◆ **SUPPLIED MATERIAL**
--- START ---

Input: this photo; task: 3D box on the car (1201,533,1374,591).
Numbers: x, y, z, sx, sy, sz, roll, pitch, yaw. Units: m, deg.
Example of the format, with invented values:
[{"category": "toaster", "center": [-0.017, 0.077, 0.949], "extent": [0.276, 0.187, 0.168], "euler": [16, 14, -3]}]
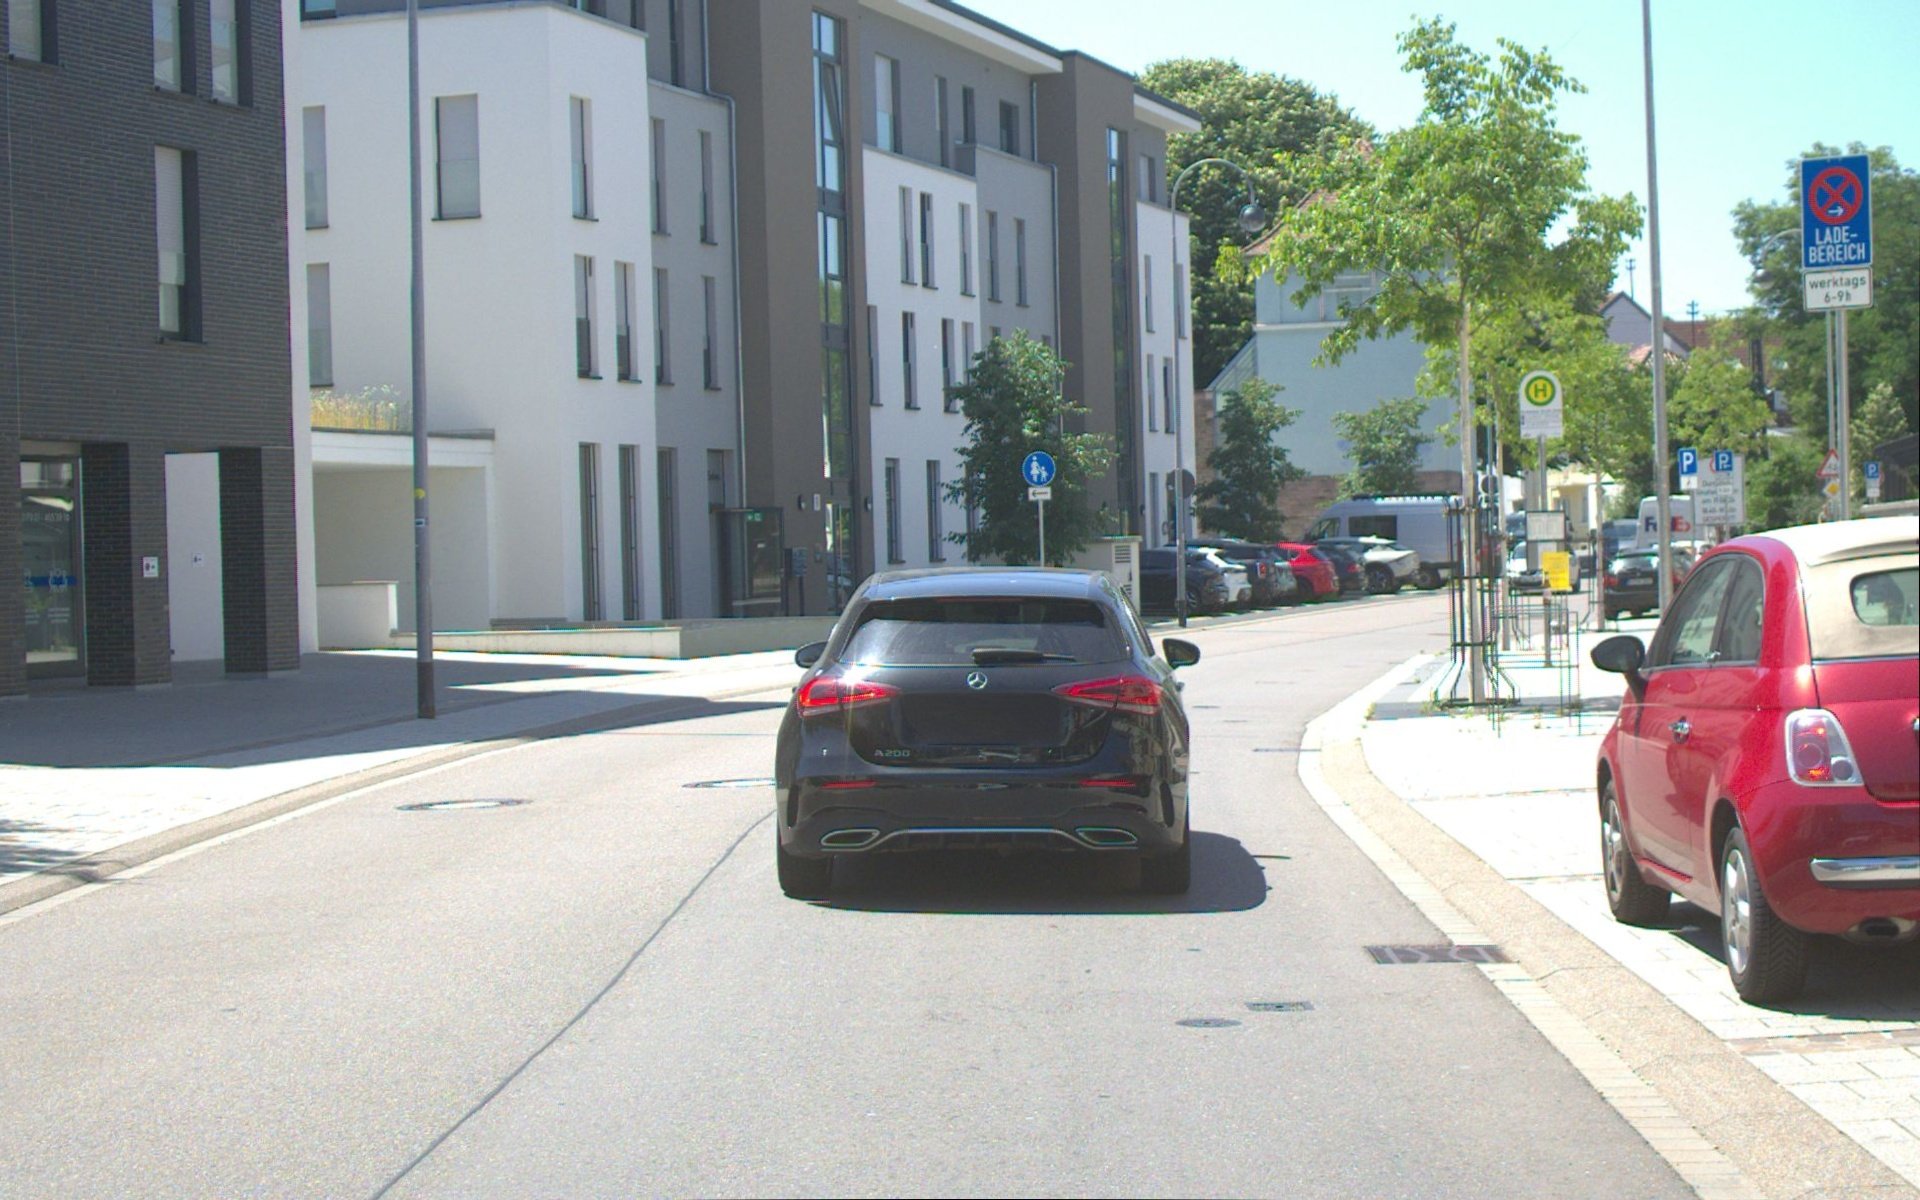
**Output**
[{"category": "car", "center": [8.440, -0.989, 88.522], "extent": [4.202, 1.432, 1.885], "euler": [1, 1, 15]}]

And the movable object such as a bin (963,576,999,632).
[{"category": "movable object such as a bin", "center": [0.381, 0.070, 61.988], "extent": [0.483, 0.994, 0.587], "euler": [-1, 1, 17]}]

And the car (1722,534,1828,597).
[{"category": "car", "center": [19.541, -0.836, 82.334], "extent": [1.726, 1.400, 4.604], "euler": [-2, 0, 22]}]

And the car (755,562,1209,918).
[{"category": "car", "center": [-0.024, 0.549, 16.099], "extent": [1.827, 1.437, 4.001], "euler": [-1, 1, -4]}]

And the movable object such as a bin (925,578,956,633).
[{"category": "movable object such as a bin", "center": [-0.359, 0.096, 62.379], "extent": [0.403, 0.994, 0.555], "euler": [-1, 1, 17]}]

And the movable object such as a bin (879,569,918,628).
[{"category": "movable object such as a bin", "center": [-1.138, -0.033, 64.079], "extent": [0.692, 1.092, 0.647], "euler": [-1, 1, 1]}]

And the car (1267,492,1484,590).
[{"category": "car", "center": [11.862, -1.706, 98.138], "extent": [5.773, 2.723, 2.289], "euler": [1, 1, 20]}]

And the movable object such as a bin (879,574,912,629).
[{"category": "movable object such as a bin", "center": [-1.174, 0.024, 62.794], "extent": [0.483, 0.994, 0.587], "euler": [-1, 1, 11]}]

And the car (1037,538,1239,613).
[{"category": "car", "center": [3.873, -0.544, 74.785], "extent": [3.991, 1.510, 1.998], "euler": [1, 3, 19]}]

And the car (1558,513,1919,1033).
[{"category": "car", "center": [3.222, 0.467, 11.906], "extent": [1.679, 1.509, 3.387], "euler": [-3, 1, 1]}]

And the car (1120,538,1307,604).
[{"category": "car", "center": [6.054, -0.709, 81.994], "extent": [4.036, 1.491, 1.998], "euler": [1, 1, 21]}]

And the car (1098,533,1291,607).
[{"category": "car", "center": [5.414, -0.704, 79.242], "extent": [4.036, 1.645, 1.998], "euler": [1, 1, 21]}]

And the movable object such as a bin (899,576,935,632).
[{"category": "movable object such as a bin", "center": [-0.773, 0.064, 61.943], "extent": [0.483, 0.994, 0.526], "euler": [0, 1, 19]}]

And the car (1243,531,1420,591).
[{"category": "car", "center": [10.118, -1.086, 93.639], "extent": [4.458, 1.586, 1.998], "euler": [1, 1, 19]}]

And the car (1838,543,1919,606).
[{"category": "car", "center": [25.143, -0.721, 92.338], "extent": [1.875, 1.486, 3.855], "euler": [-2, 2, 32]}]

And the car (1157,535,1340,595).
[{"category": "car", "center": [7.037, -0.869, 83.817], "extent": [4.036, 1.425, 1.998], "euler": [1, 1, 21]}]

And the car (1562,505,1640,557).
[{"category": "car", "center": [20.804, -2.222, 111.436], "extent": [1.944, 1.653, 4.232], "euler": [0, 1, 18]}]

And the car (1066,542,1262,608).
[{"category": "car", "center": [4.572, -0.579, 76.870], "extent": [3.991, 1.416, 1.908], "euler": [1, 1, 19]}]

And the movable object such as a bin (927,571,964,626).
[{"category": "movable object such as a bin", "center": [-0.275, -0.032, 65.025], "extent": [0.675, 1.035, 0.604], "euler": [-1, 1, 1]}]

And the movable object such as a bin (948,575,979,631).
[{"category": "movable object such as a bin", "center": [0.067, 0.049, 62.267], "extent": [0.403, 0.994, 0.555], "euler": [-1, 1, 17]}]

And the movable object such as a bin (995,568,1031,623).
[{"category": "movable object such as a bin", "center": [0.994, -0.085, 64.730], "extent": [0.554, 1.016, 0.560], "euler": [-1, 1, 14]}]

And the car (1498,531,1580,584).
[{"category": "car", "center": [15.598, -1.144, 92.506], "extent": [1.668, 1.391, 3.844], "euler": [0, 1, 17]}]

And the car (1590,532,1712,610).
[{"category": "car", "center": [14.241, -0.591, 70.739], "extent": [1.834, 1.477, 4.091], "euler": [-3, 0, 20]}]

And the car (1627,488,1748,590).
[{"category": "car", "center": [19.459, -1.626, 91.818], "extent": [2.130, 2.621, 5.271], "euler": [0, 1, 24]}]

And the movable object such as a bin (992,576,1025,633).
[{"category": "movable object such as a bin", "center": [0.874, 0.081, 61.631], "extent": [0.483, 0.994, 0.587], "euler": [-1, 1, 11]}]
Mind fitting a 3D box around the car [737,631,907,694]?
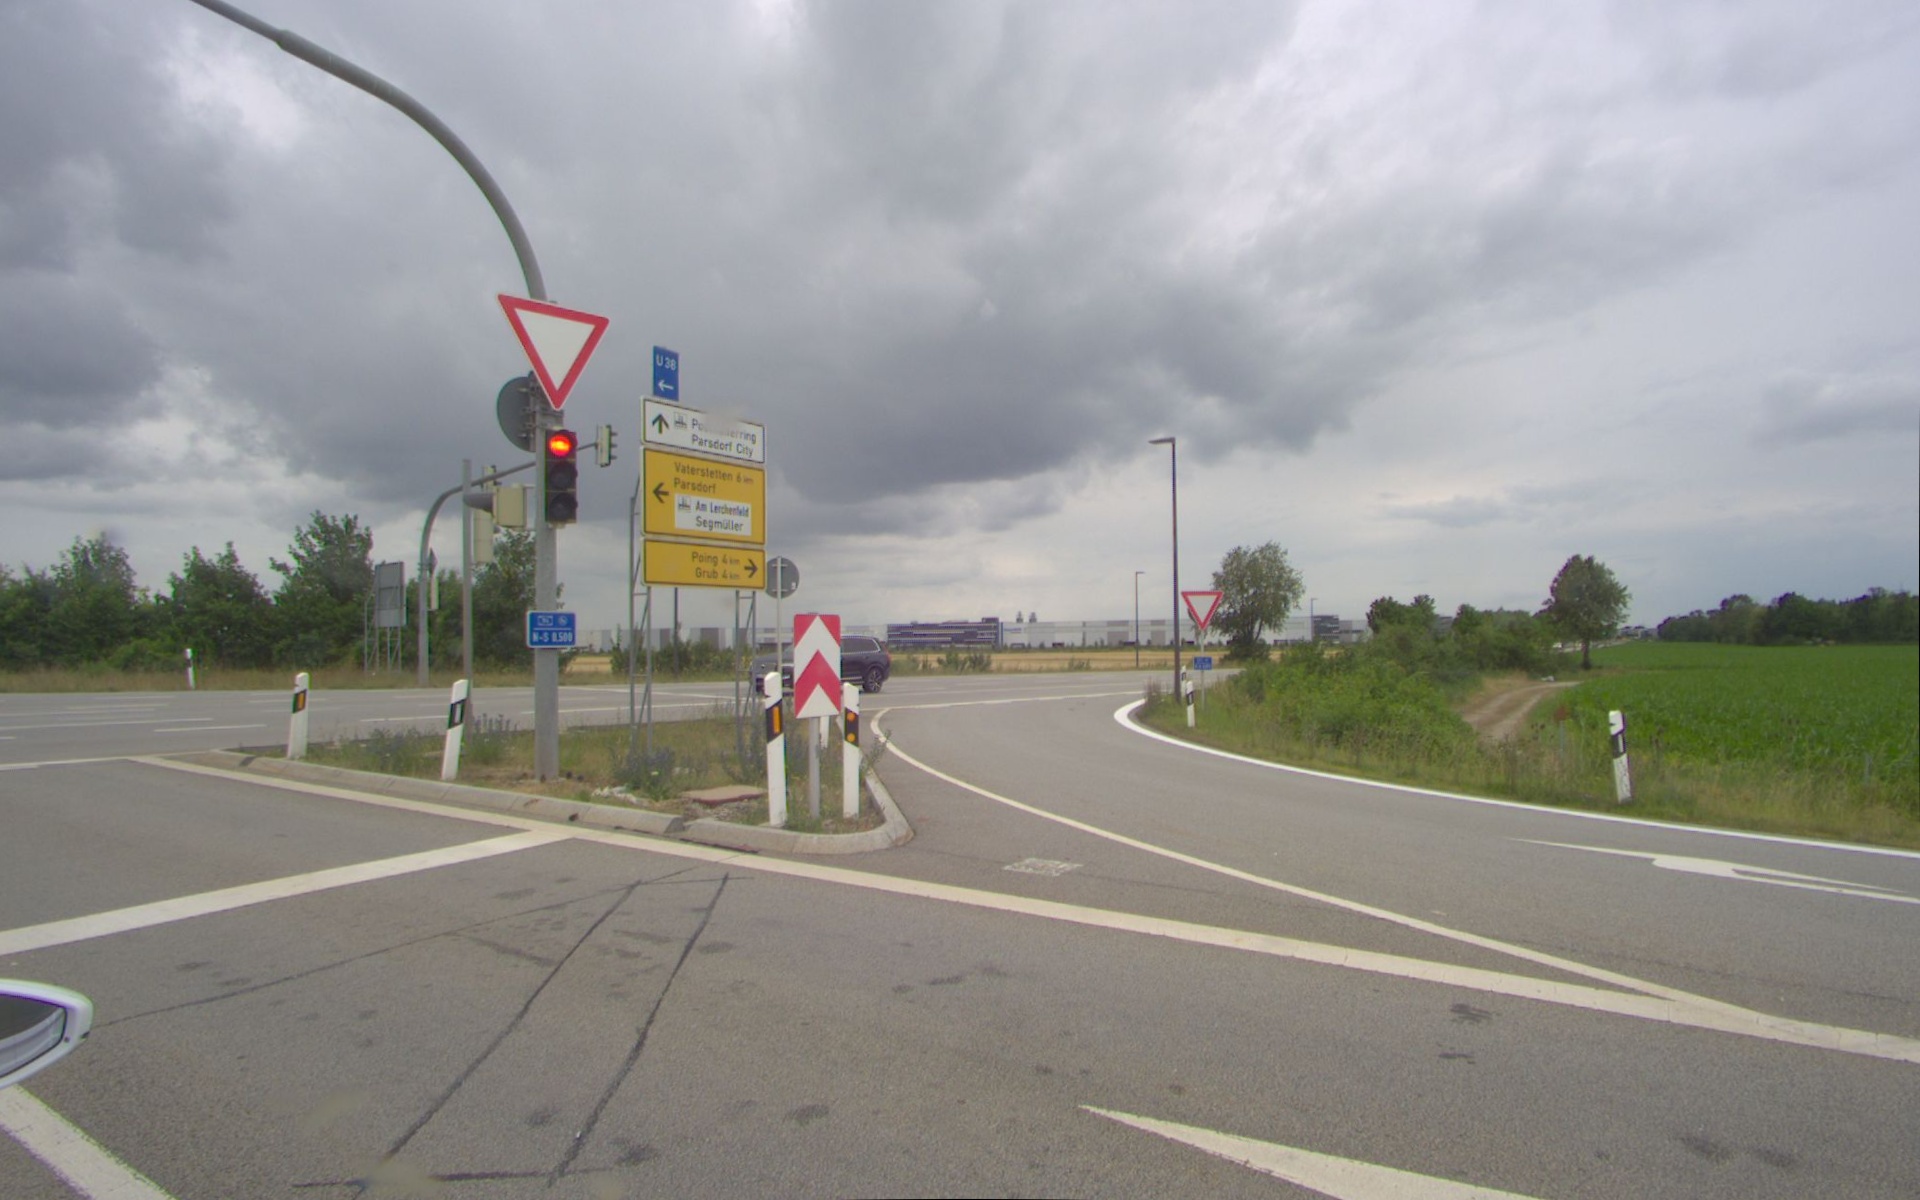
[{"bbox_3d":[-3.982,1.822,29.755,1.977,1.705,4.961,-2,-3,41],"label":"car"}]

--- END ---

◆ **THE PROBLEM**
Everything in the records should be repeated exactly except the images.

◆ **ANSWER TO THE EXERCISE**
Input: this photo; task: 3D box on the car (1201,533,1374,591).
Numbers: x, y, z, sx, sy, sz, roll, pitch, yaw. Units: m, deg.
Example of the format, with invented values:
[{"category": "toaster", "center": [-0.017, 0.077, 0.949], "extent": [0.276, 0.187, 0.168], "euler": [16, 14, -3]}]
**Output**
[{"category": "car", "center": [8.440, -0.989, 88.522], "extent": [4.202, 1.432, 1.885], "euler": [1, 1, 15]}]

And the movable object such as a bin (963,576,999,632).
[{"category": "movable object such as a bin", "center": [0.381, 0.070, 61.988], "extent": [0.483, 0.994, 0.587], "euler": [-1, 1, 17]}]

And the car (1722,534,1828,597).
[{"category": "car", "center": [19.541, -0.836, 82.334], "extent": [1.726, 1.400, 4.604], "euler": [-2, 0, 22]}]

And the car (755,562,1209,918).
[{"category": "car", "center": [-0.024, 0.549, 16.099], "extent": [1.827, 1.437, 4.001], "euler": [-1, 1, -4]}]

And the movable object such as a bin (925,578,956,633).
[{"category": "movable object such as a bin", "center": [-0.359, 0.096, 62.379], "extent": [0.403, 0.994, 0.555], "euler": [-1, 1, 17]}]

And the movable object such as a bin (879,569,918,628).
[{"category": "movable object such as a bin", "center": [-1.138, -0.033, 64.079], "extent": [0.692, 1.092, 0.647], "euler": [-1, 1, 1]}]

And the car (1267,492,1484,590).
[{"category": "car", "center": [11.862, -1.706, 98.138], "extent": [5.773, 2.723, 2.289], "euler": [1, 1, 20]}]

And the movable object such as a bin (879,574,912,629).
[{"category": "movable object such as a bin", "center": [-1.174, 0.024, 62.794], "extent": [0.483, 0.994, 0.587], "euler": [-1, 1, 11]}]

And the car (1037,538,1239,613).
[{"category": "car", "center": [3.873, -0.544, 74.785], "extent": [3.991, 1.510, 1.998], "euler": [1, 3, 19]}]

And the car (1558,513,1919,1033).
[{"category": "car", "center": [3.222, 0.467, 11.906], "extent": [1.679, 1.509, 3.387], "euler": [-3, 1, 1]}]

And the car (1120,538,1307,604).
[{"category": "car", "center": [6.054, -0.709, 81.994], "extent": [4.036, 1.491, 1.998], "euler": [1, 1, 21]}]

And the car (1098,533,1291,607).
[{"category": "car", "center": [5.414, -0.704, 79.242], "extent": [4.036, 1.645, 1.998], "euler": [1, 1, 21]}]

And the movable object such as a bin (899,576,935,632).
[{"category": "movable object such as a bin", "center": [-0.773, 0.064, 61.943], "extent": [0.483, 0.994, 0.526], "euler": [0, 1, 19]}]

And the car (1243,531,1420,591).
[{"category": "car", "center": [10.118, -1.086, 93.639], "extent": [4.458, 1.586, 1.998], "euler": [1, 1, 19]}]

And the car (1838,543,1919,606).
[{"category": "car", "center": [25.143, -0.721, 92.338], "extent": [1.875, 1.486, 3.855], "euler": [-2, 2, 32]}]

And the car (1157,535,1340,595).
[{"category": "car", "center": [7.037, -0.869, 83.817], "extent": [4.036, 1.425, 1.998], "euler": [1, 1, 21]}]

And the car (1562,505,1640,557).
[{"category": "car", "center": [20.804, -2.222, 111.436], "extent": [1.944, 1.653, 4.232], "euler": [0, 1, 18]}]

And the car (1066,542,1262,608).
[{"category": "car", "center": [4.572, -0.579, 76.870], "extent": [3.991, 1.416, 1.908], "euler": [1, 1, 19]}]

And the movable object such as a bin (927,571,964,626).
[{"category": "movable object such as a bin", "center": [-0.275, -0.032, 65.025], "extent": [0.675, 1.035, 0.604], "euler": [-1, 1, 1]}]

And the movable object such as a bin (948,575,979,631).
[{"category": "movable object such as a bin", "center": [0.067, 0.049, 62.267], "extent": [0.403, 0.994, 0.555], "euler": [-1, 1, 17]}]

And the movable object such as a bin (995,568,1031,623).
[{"category": "movable object such as a bin", "center": [0.994, -0.085, 64.730], "extent": [0.554, 1.016, 0.560], "euler": [-1, 1, 14]}]

And the car (1498,531,1580,584).
[{"category": "car", "center": [15.598, -1.144, 92.506], "extent": [1.668, 1.391, 3.844], "euler": [0, 1, 17]}]

And the car (1590,532,1712,610).
[{"category": "car", "center": [14.241, -0.591, 70.739], "extent": [1.834, 1.477, 4.091], "euler": [-3, 0, 20]}]

And the car (1627,488,1748,590).
[{"category": "car", "center": [19.459, -1.626, 91.818], "extent": [2.130, 2.621, 5.271], "euler": [0, 1, 24]}]

And the movable object such as a bin (992,576,1025,633).
[{"category": "movable object such as a bin", "center": [0.874, 0.081, 61.631], "extent": [0.483, 0.994, 0.587], "euler": [-1, 1, 11]}]
Mind fitting a 3D box around the car [737,631,907,694]?
[{"bbox_3d":[-3.982,1.822,29.755,1.977,1.705,4.961,-2,-3,41],"label":"car"}]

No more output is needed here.